• **Your goal**
Pictures stay out; everything else in the listing below is to be restated word for word.

• **Source information**
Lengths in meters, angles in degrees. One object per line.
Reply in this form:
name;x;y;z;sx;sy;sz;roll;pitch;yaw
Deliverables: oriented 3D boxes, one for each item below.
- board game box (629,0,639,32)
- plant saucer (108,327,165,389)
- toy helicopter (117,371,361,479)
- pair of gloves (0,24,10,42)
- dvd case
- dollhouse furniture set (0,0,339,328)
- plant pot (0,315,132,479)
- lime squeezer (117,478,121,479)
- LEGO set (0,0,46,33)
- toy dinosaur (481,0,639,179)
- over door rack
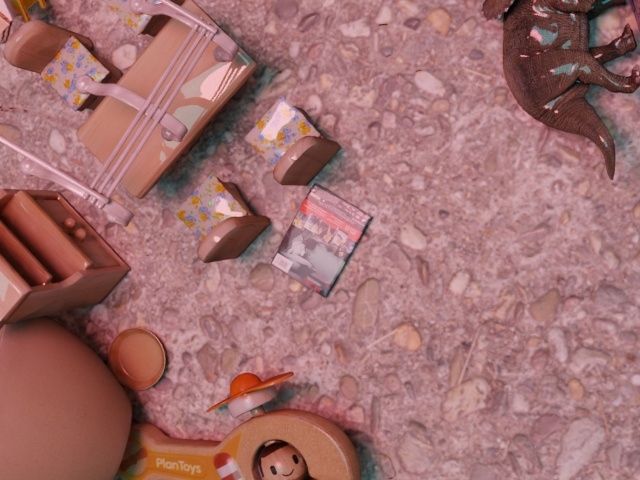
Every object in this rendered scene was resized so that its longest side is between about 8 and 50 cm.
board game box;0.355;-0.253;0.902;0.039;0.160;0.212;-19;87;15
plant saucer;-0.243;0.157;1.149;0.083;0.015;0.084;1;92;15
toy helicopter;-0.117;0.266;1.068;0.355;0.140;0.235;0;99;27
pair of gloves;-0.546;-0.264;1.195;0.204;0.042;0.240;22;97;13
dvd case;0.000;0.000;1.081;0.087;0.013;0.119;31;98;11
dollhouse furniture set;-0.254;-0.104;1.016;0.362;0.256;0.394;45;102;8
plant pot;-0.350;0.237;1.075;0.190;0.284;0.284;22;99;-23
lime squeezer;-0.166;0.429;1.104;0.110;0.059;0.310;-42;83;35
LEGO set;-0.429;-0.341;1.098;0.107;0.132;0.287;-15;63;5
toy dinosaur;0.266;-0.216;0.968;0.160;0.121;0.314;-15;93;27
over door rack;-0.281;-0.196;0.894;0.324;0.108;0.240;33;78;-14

• **Output of the exercise**
Lengths in meters, angles in degrees. One object per line.
Reply in this form:
name;x;y;z;sx;sy;sz;roll;pitch;yaw
Deliverables: oriented 3D boxes, one for each item below.
- board game box (629,0,639,32)
- plant saucer (108,327,165,389)
- toy helicopter (117,371,361,479)
- pair of gloves (0,24,10,42)
- dvd case
- dollhouse furniture set (0,0,339,328)
- plant pot (0,315,132,479)
- lime squeezer (117,478,121,479)
- LEGO set (0,0,46,33)
- toy dinosaur (481,0,639,179)
- over door rack
Every object in this rendered scene was resized so that its longest side is between about 8 and 50 cm.
board game box;0.355;-0.253;0.902;0.039;0.160;0.212;-19;87;15
plant saucer;-0.243;0.157;1.149;0.083;0.015;0.084;1;92;15
toy helicopter;-0.117;0.266;1.068;0.355;0.140;0.235;0;99;27
pair of gloves;-0.546;-0.264;1.195;0.204;0.042;0.240;22;97;13
dvd case;0.000;0.000;1.081;0.087;0.013;0.119;31;98;11
dollhouse furniture set;-0.254;-0.104;1.016;0.362;0.256;0.394;45;102;8
plant pot;-0.350;0.237;1.075;0.190;0.284;0.284;22;99;-23
lime squeezer;-0.166;0.429;1.104;0.110;0.059;0.310;-42;83;35
LEGO set;-0.429;-0.341;1.098;0.107;0.132;0.287;-15;63;5
toy dinosaur;0.266;-0.216;0.968;0.160;0.121;0.314;-15;93;27
over door rack;-0.281;-0.196;0.894;0.324;0.108;0.240;33;78;-14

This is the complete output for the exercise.